Lets say: $G=\text{Graham's Number}$.
And:
$$
\begin{align*}
\alpha_1&=G\uparrow^G G, \\
\alpha_2&=\alpha_1\uparrow^{\alpha_1} \alpha_1 \\
&\vdots\\
\beta_1 &= \alpha_G\uparrow^{\alpha_G}\alpha_G \\
\beta_2 &= \beta_1 \uparrow^{\beta_1 }\beta_1 \\
\beta_n &= \beta_{n-1} \uparrow^{\beta_{n-1} }\beta_{n-1}
\end{align*}
$$
Then:
is $\beta_{\beta_G}$ still smaller then $TREE(3)$?
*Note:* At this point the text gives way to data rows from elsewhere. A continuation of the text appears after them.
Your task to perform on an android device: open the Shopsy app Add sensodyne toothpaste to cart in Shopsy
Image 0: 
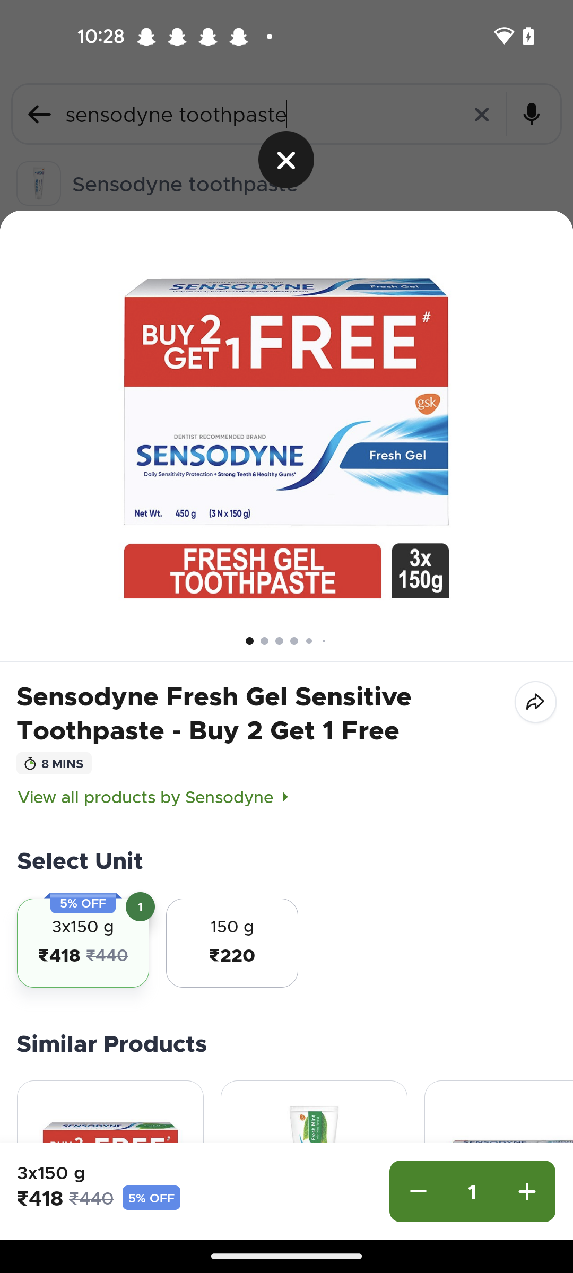
open the shopsy app
Step 0: open app "Shopsy"
Image 1: 
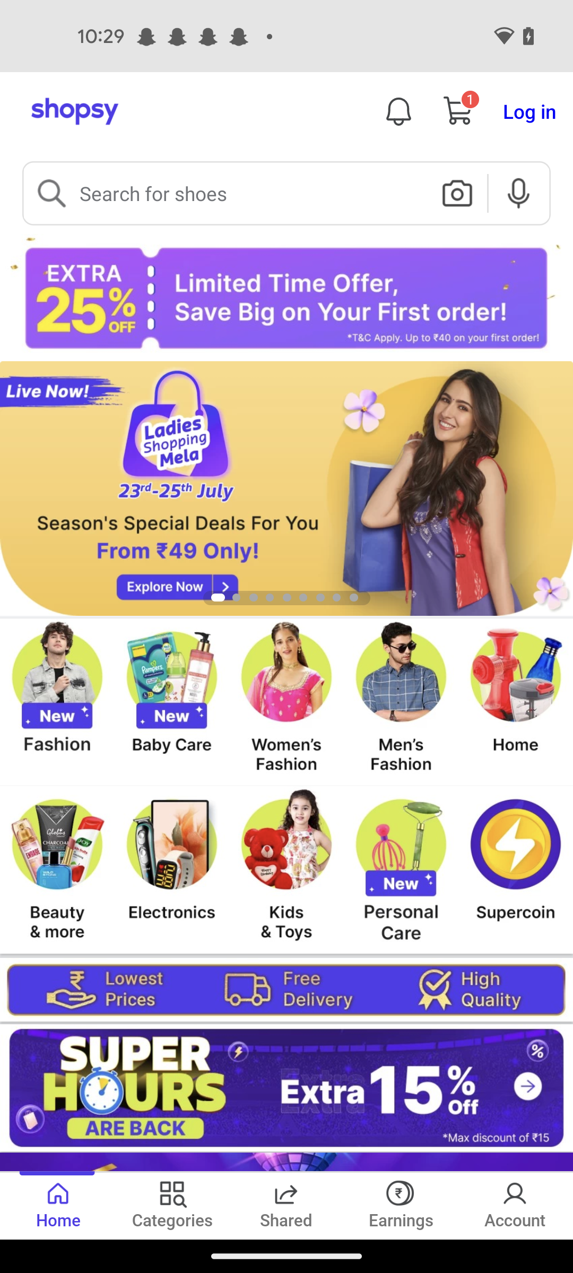
Click on the search icon
Step 1: click (301, 201)
Image 2: 
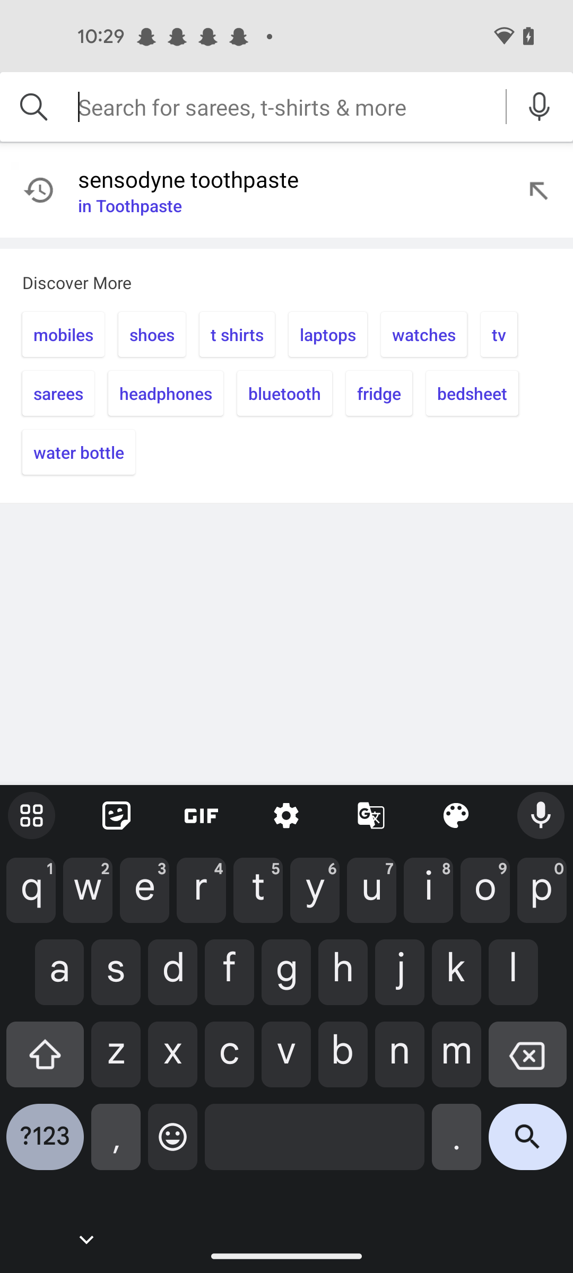
Enter as sensodyne toothpaste 
Step 2: type "sensodyne toothpaste"
Image 3: 
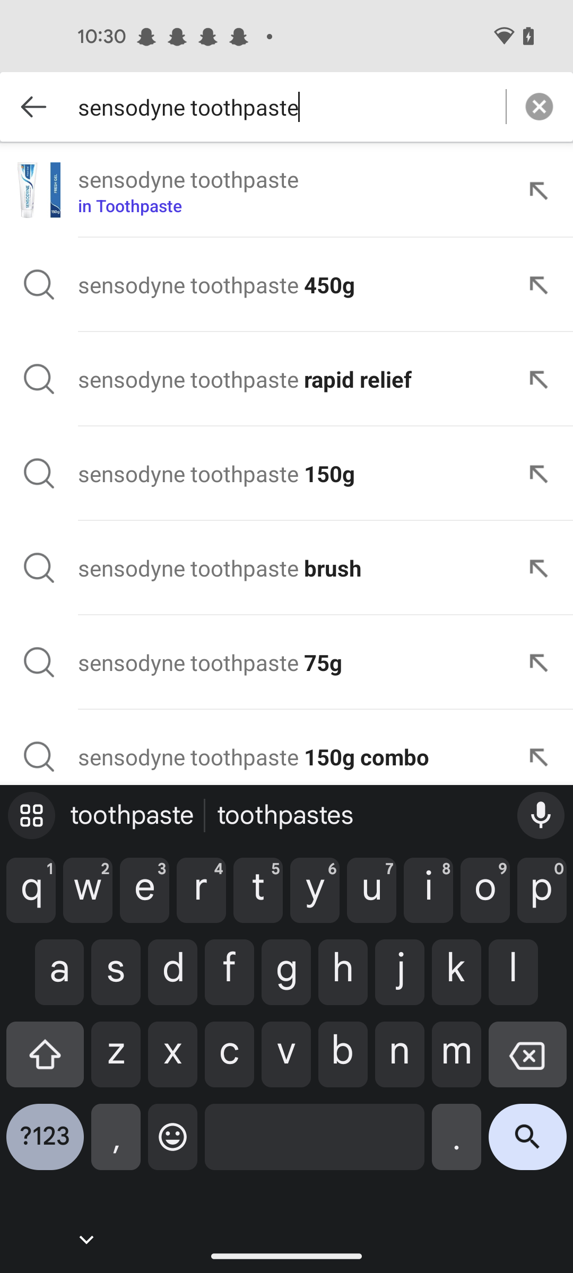
Click on the first result
Step 3: click (188, 179)
Image 4: 
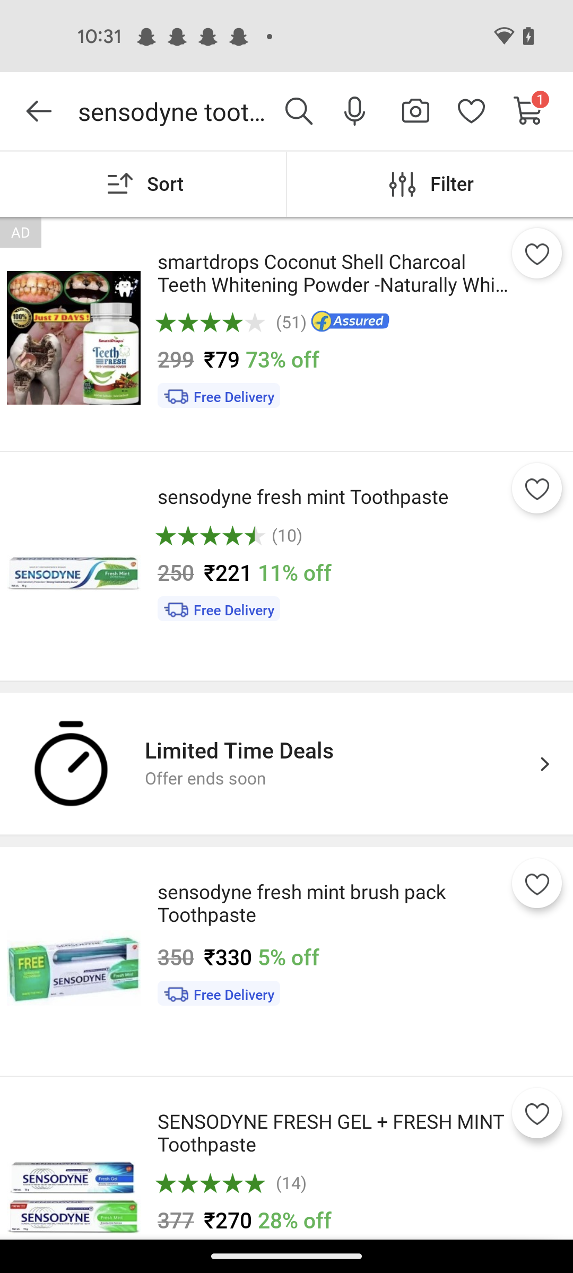
Click on the sensodyne toothpaste option
Step 4: click (294, 573)
Image 5: 
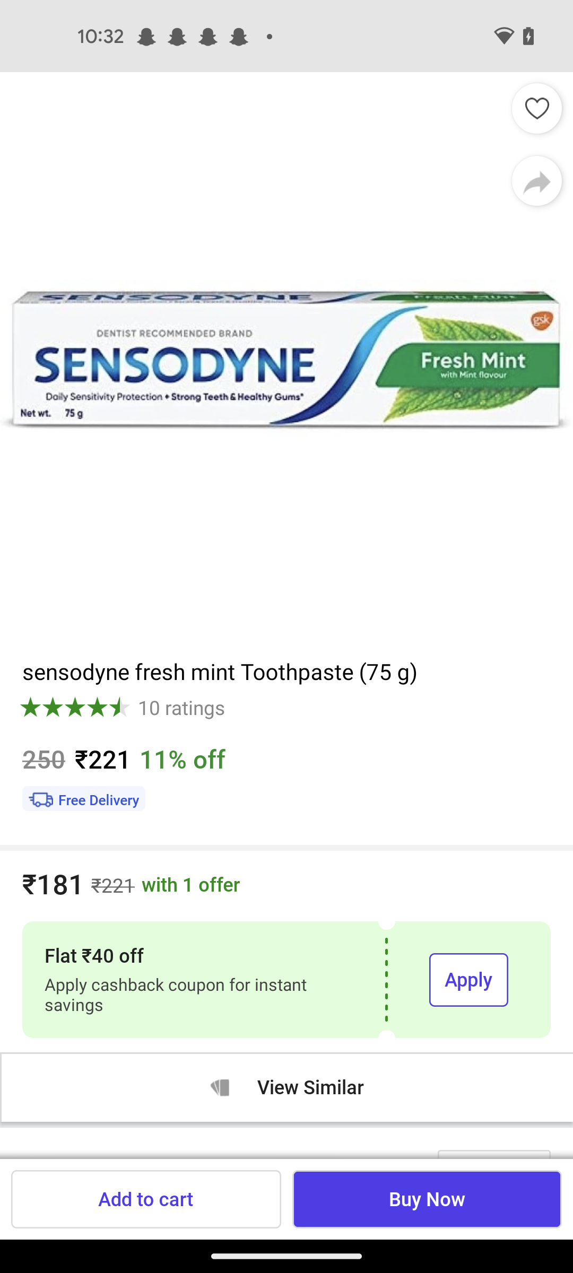
Click on the Add to cart tab
Step 5: click (145, 1199)

$a\uparrow^nb$ is Knuth's up-arrow notation
Thank you!!
Best Answer
This is much much smaller than $\operatorname{TREE}(3)$. To give you a rough taste, $G\approx f_{\omega+1}(64)$, and every application of $n\mapsto n\uparrow^nn$ only increases the inner argument by $1$, so $\alpha_n\approx f_{\omega+1}(64+n)$ and $\beta_n\approx f_{\omega+1}(64+G+n)\approx f_{\omega+1}(f_{\omega+1}(64)+64+n)$.
On the other hand, we have $f_{\omega+2}(n)=\overbrace{f_{\omega+1}(f_{\omega+1}(f_{\omega+1}(\dots f_{\omega+1}(}^nn)\dots)))$, so already $f_{\omega+2}(4)>\beta_{\beta_G}$.
In general,
$$f_{\alpha+1}(n)=\overbrace{f_\alpha(f_\alpha(f_\alpha(\dots f_\alpha(}^nn)\dots)))$$
so we likely have $f_{\omega+3}(3)=f_{\omega+2}(f_{\omega+2}(f_{\omega+2}(3)))$ to be much greater than your number.
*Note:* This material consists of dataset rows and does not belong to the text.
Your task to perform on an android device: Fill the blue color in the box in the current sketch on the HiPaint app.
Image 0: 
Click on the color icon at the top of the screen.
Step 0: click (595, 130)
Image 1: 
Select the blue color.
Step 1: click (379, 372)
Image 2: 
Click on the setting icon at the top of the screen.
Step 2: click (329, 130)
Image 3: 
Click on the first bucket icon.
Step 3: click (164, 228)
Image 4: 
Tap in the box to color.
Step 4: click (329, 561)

On the other hand, $\operatorname{TREE}(n)\gtrapprox f_{\vartheta(\Omega^\omega\omega)}(n)$, which is significantly larger.
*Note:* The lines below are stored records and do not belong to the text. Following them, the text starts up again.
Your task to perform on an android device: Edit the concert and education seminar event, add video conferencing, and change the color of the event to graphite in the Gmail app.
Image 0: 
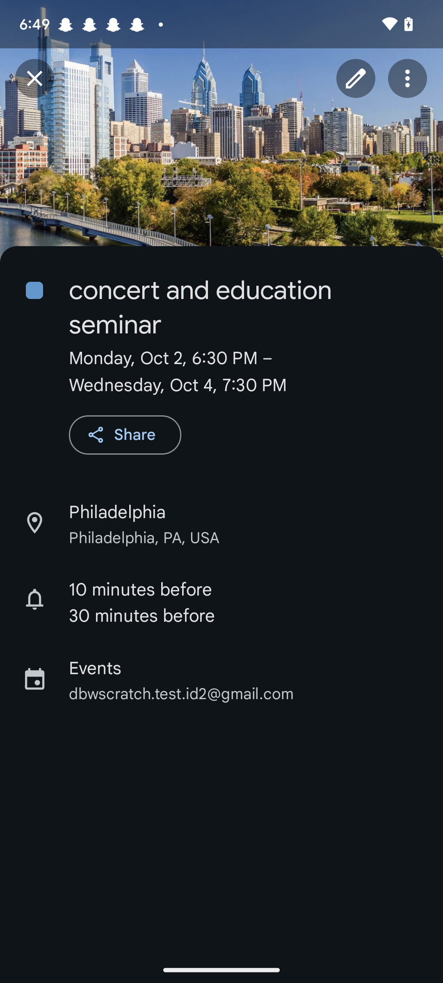
Click on the edit icon at the top right side of the screen.
Step 0: click (356, 78)
Image 2: 
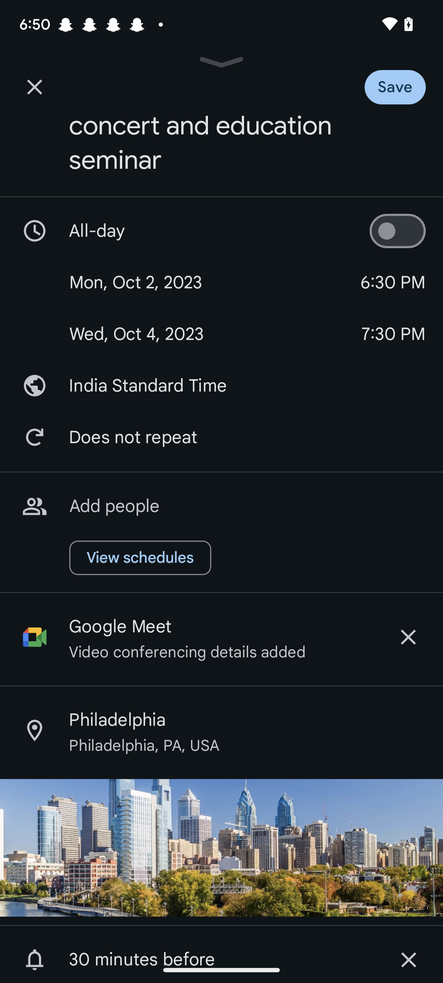
Scroll up
Step 2: scroll down
Image 3: 
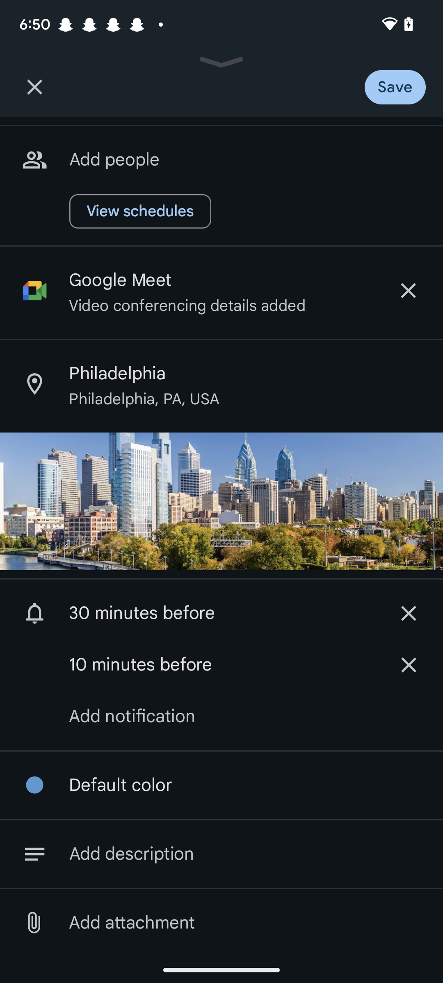
Click on the default color and edit it.
Step 3: click (121, 785)
Image 5: 
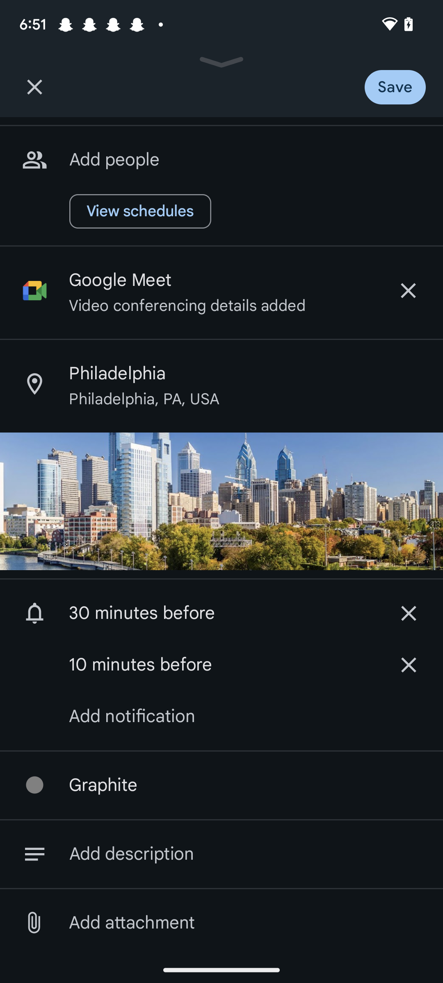
Click on the Save option at the top right corner of the screen.
Step 5: click (413, 82)

As a brief explanation of the fast growing hierarchy for a few more ordinals, we have
$$f_0(n)=n+1\\f_1(n)=2n\\f_2(n)=n2^n\\f_k(n)\gtrapprox2\uparrow^{k-1}n\\f_\omega(n)=f_n(n)\approx n\uparrow^nn\\f_{\omega2}(n)=f_{\omega+n}(n)\\f_{\omega k}(n)=f_{\omega(k-1)+n}(n)\\f_{\omega^2}(n)=f_{\omega n}(n)\\\vdots$$
In comparison, $\vartheta(\Omega^\omega\omega)\gg\omega^{\omega^{\omega^{.^{.^.}}}}\gg\omega^\omega\gg\omega^2$, which isn't anywhere near close to a good approximation to $\vartheta(\Omega^\omega\omega)$, which should tell you how frightening large this is.
For some introductions to the fast growing hierarchy, I recommend watching David Metzler's videos or Giroux Studio's videos, and checking out my chatroom.